Lesson 5: Significance for success metrics
In this lesson, you learn what the status labels on success metric results mean and how to read a confidence interval to determine whether a result is significant. You also learn what "not significant" really means, and why it is not the same as "no effect."
Every metric result in Confidence has a status label: a short phrase that tells you what to conclude about that metric.
Success metrics: did the treatment variant improve things?
For success metrics, Confidence is asking: is there statistical evidence that the treatment variant changed this metric in the desired direction?
The zero line on the results page is the reference point. A confidence interval that sits entirely on the positive side of zero means the data are inconsistent with there being no effect: the result is statistically significant. A CI that crosses zero means "no effect" remains a plausible value.
- Significant: the CI does not cross zero in the direction of the test. There is statistical evidence that the treatment variant moved the metric in the intended direction. This is not certainty; it means the data are unlikely to look the way they do if there were truly no effect.
- Not significant: the CI crosses zero. There is not enough statistical evidence to conclude that the treatment variant affected this metric. The data are consistent with there being no effect.
"Not significant" does not mean "no effect." It means "no evidence of an effect strong enough to detect with the current data." With a wide confidence interval, you simply do not yet have enough data to know. Do not interpret "not significant" as proof that the treatment variant did nothing.
Use the interactive below to build intuition for how the CI position determines significance.
CI and significance for success metrics
Move the point estimate slider to see how the significance status changes. Use the direction toggle to set which way the metric should move.
Try the following:
- With the direction set to "Increases", drag the point estimate from +15% to -15% and watch all three states appear in sequence: "Has improved" when the CI clears zero on the positive side, "Not significant" as it crosses zero, and "Has deteriorated" when the CI sits entirely below zero.
- Move the point estimate back to a moderate positive value, then set the direction to "Decreases." The same sweep now works in reverse: "Has improved" appears on the negative side, and "Has deteriorated" on the positive side.
- Set sample size to 500 and move the PE to +5%. The wider CI may still cross zero even with a positive estimate.
- Increase sample size to 5,000. The CI narrows, and a smaller PE becomes sufficient for significance.
A note on adjusted significance thresholds
When an experiment has multiple success metrics, the significance threshold is corrected to control the overall false positive rate across all metrics. Adding more success metrics makes each individual metric slightly harder to call significant. This is the statistically correct approach: without it, the more metrics you add, the more likely you are to find a false positive by chance.
In Confidence, when an experiment has multiple success metrics, the significance threshold is automatically adjusted for each metric to control the overall false positive rate. In the Detailed results view, each metric shows its own adjusted alpha value.
A success metric (where increases are desirable) shows a +3.1% change with a status of 'Not significant'. What is the correct interpretation?

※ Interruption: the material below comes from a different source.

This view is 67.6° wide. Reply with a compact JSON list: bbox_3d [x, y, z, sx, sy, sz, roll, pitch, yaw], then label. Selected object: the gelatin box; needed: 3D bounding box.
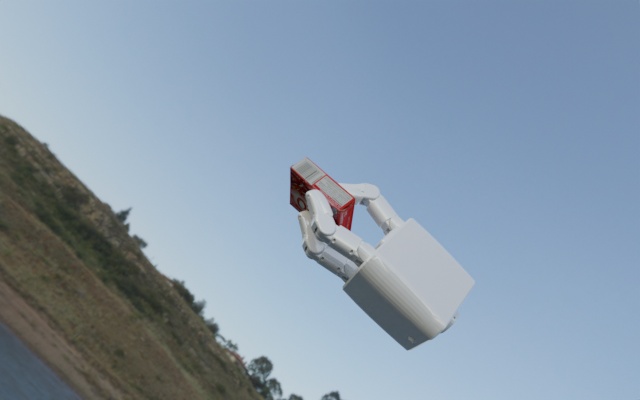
[{"bbox_3d":[0.000,0.001,0.581,0.030,0.089,0.073,-35,-28,-26],"label":"gelatin box"}]

A success metric CI shows [+1.2%, +6.8%]. The metric improves with increases. What is the status of this result?
Notes for nerds
Two decisions, two false positive rates
What looks like a single significance test is actually two distinct decisions, each answering a different question. The shipping decision asks: is there enough evidence that this treatment variant improves the metrics we care about? The abort decision asks: is there evidence that this treatment variant is causing harm right now, and should we stop the experiment early to prevent it?
These are not the same question, and there is no statistical reason to answer them using the same false positive rate. The consequences of getting them wrong are asymmetric. A false positive on the shipping decision means you ship a variant that does not actually improve things, which is a recoverable mistake. A false negative on the abort decision means you keep running an experiment that is harming users, which is a much more urgent problem. It follows that the abort decision should use a more sensitive threshold: you want to catch deterioration early, even if it means occasionally stopping an experiment that would have recovered.
There is also a fundamental difference in how time enters each decision. The shipping decision is made at a single point in time (when the experiment ends), which is exactly the setting upon-conclusion evaluation is designed for. The abort decision, by contrast, must be made continuously throughout the experiment: you cannot wait until the end to find out whether users were harmed. This means the abort decision should always use a sequential test, regardless of which evaluation strategy was chosen for the shipping decision. Upon-conclusion evaluation gives you no valid way to act on mid-experiment results; a sequential test is specifically designed for exactly that.
Confidence implements this separation by default. The deterioration check that feeds into the Abort recommendation always runs as a sequential test, even when the experiment uses upon-conclusion evaluation for its main results. The shipping decision and the abort decision are evaluated independently, with different statistical properties suited to each. The theoretical grounding for this approach is developed in Schultzberg, Ankargren, and Frånberg (2024).